Work order:
Extract the records below word for word and ignore the images.

***

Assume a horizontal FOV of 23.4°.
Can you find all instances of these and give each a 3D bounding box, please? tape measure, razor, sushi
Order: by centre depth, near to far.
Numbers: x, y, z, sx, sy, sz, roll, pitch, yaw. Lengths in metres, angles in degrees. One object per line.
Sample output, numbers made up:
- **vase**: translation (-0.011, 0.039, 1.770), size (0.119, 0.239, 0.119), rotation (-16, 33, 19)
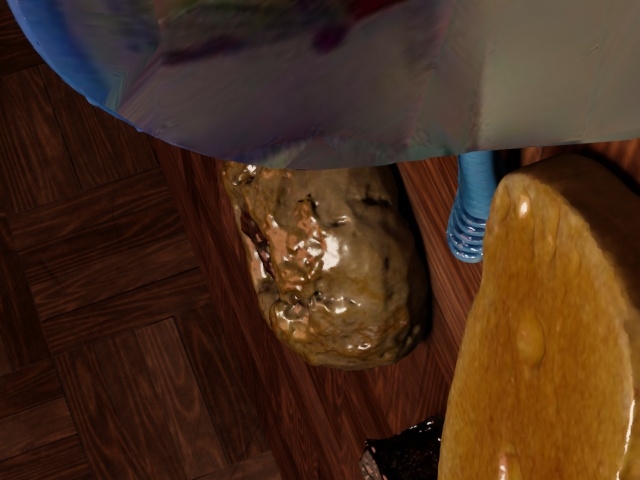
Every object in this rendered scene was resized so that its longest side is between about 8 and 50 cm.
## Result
- **tape measure**: translation (0.000, -0.156, 0.552), size (0.138, 0.262, 0.259), rotation (-104, 3, -48)
- **razor**: translation (0.093, -0.050, 0.838), size (0.253, 0.042, 0.082), rotation (91, 158, -67)
- **sushi**: translation (0.084, 0.200, 1.259), size (0.094, 0.084, 0.098), rotation (91, 154, -55)

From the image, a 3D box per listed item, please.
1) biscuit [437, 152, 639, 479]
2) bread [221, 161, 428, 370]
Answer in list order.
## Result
- **biscuit**: translation (0.128, 0.142, 0.757), size (0.287, 0.057, 0.344), rotation (-114, 26, -59)
- **bread**: translation (0.000, 0.000, 1.235), size (0.230, 0.123, 0.230), rotation (161, 90, -83)
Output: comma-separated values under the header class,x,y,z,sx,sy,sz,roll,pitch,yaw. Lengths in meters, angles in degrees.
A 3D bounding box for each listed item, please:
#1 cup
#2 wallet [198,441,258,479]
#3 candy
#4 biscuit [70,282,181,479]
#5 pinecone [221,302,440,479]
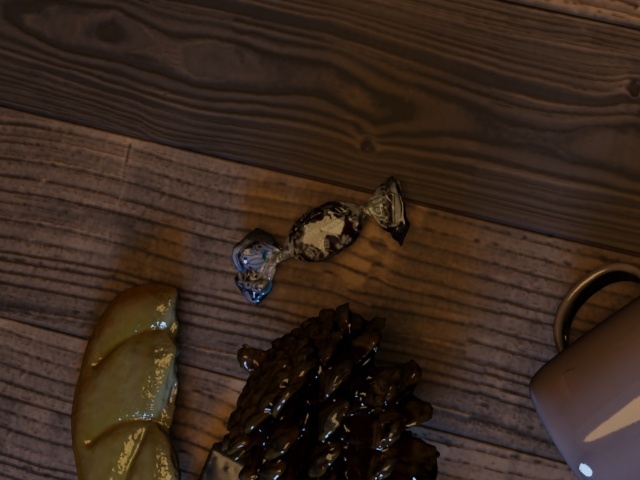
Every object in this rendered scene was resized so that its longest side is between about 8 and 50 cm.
class,x,y,z,sx,sy,sz,roll,pitch,yaw
cup,0.335,0.147,1.547,0.200,0.191,0.253,-33,57,11
wallet,-0.012,0.364,1.647,0.309,0.042,0.165,21,93,8
candy,0.000,0.000,1.651,0.226,0.051,0.094,-27,97,10
biscuit,-0.227,0.202,1.673,0.154,0.045,0.299,-6,83,25
pinecone,0.014,0.199,1.566,0.243,0.243,0.257,-40,126,7

***

Expected output:
Assume a horizontal FOV of 23.4°.
Can you find all instances of these and give each a 3D bounding box, please? tape measure, razor, sushi
Order: by centre depth, near to far.
Numbers: x, y, z, sx, sy, sz, roll, pitch, yaw. Lengths in metres, angles in degrees. One object per line.
Sample output, numbers made up:
- **vase**: translation (-0.011, 0.039, 1.770), size (0.119, 0.239, 0.119), rotation (-16, 33, 19)
Every object in this rendered scene was resized so that its longest side is between about 8 and 50 cm.
## Result
- **tape measure**: translation (0.000, -0.156, 0.552), size (0.138, 0.262, 0.259), rotation (-104, 3, -48)
- **razor**: translation (0.093, -0.050, 0.838), size (0.253, 0.042, 0.082), rotation (91, 158, -67)
- **sushi**: translation (0.084, 0.200, 1.259), size (0.094, 0.084, 0.098), rotation (91, 154, -55)

From the image, a 3D box per listed item, please.
1) biscuit [437, 152, 639, 479]
2) bread [221, 161, 428, 370]
Answer in list order.
## Result
- **biscuit**: translation (0.128, 0.142, 0.757), size (0.287, 0.057, 0.344), rotation (-114, 26, -59)
- **bread**: translation (0.000, 0.000, 1.235), size (0.230, 0.123, 0.230), rotation (161, 90, -83)
Output: comma-separated values under the header class,x,y,z,sx,sy,sz,roll,pitch,yaw. Lengths in meters, angles in degrees.
A 3D bounding box for each listed item, please:
#1 cup
#2 wallet [198,441,258,479]
#3 candy
#4 biscuit [70,282,181,479]
#5 pinecone [221,302,440,479]
Every object in this rendered scene was resized so that its longest side is between about 8 and 50 cm.
class,x,y,z,sx,sy,sz,roll,pitch,yaw
cup,0.335,0.147,1.547,0.200,0.191,0.253,-33,57,11
wallet,-0.012,0.364,1.647,0.309,0.042,0.165,21,93,8
candy,0.000,0.000,1.651,0.226,0.051,0.094,-27,97,10
biscuit,-0.227,0.202,1.673,0.154,0.045,0.299,-6,83,25
pinecone,0.014,0.199,1.566,0.243,0.243,0.257,-40,126,7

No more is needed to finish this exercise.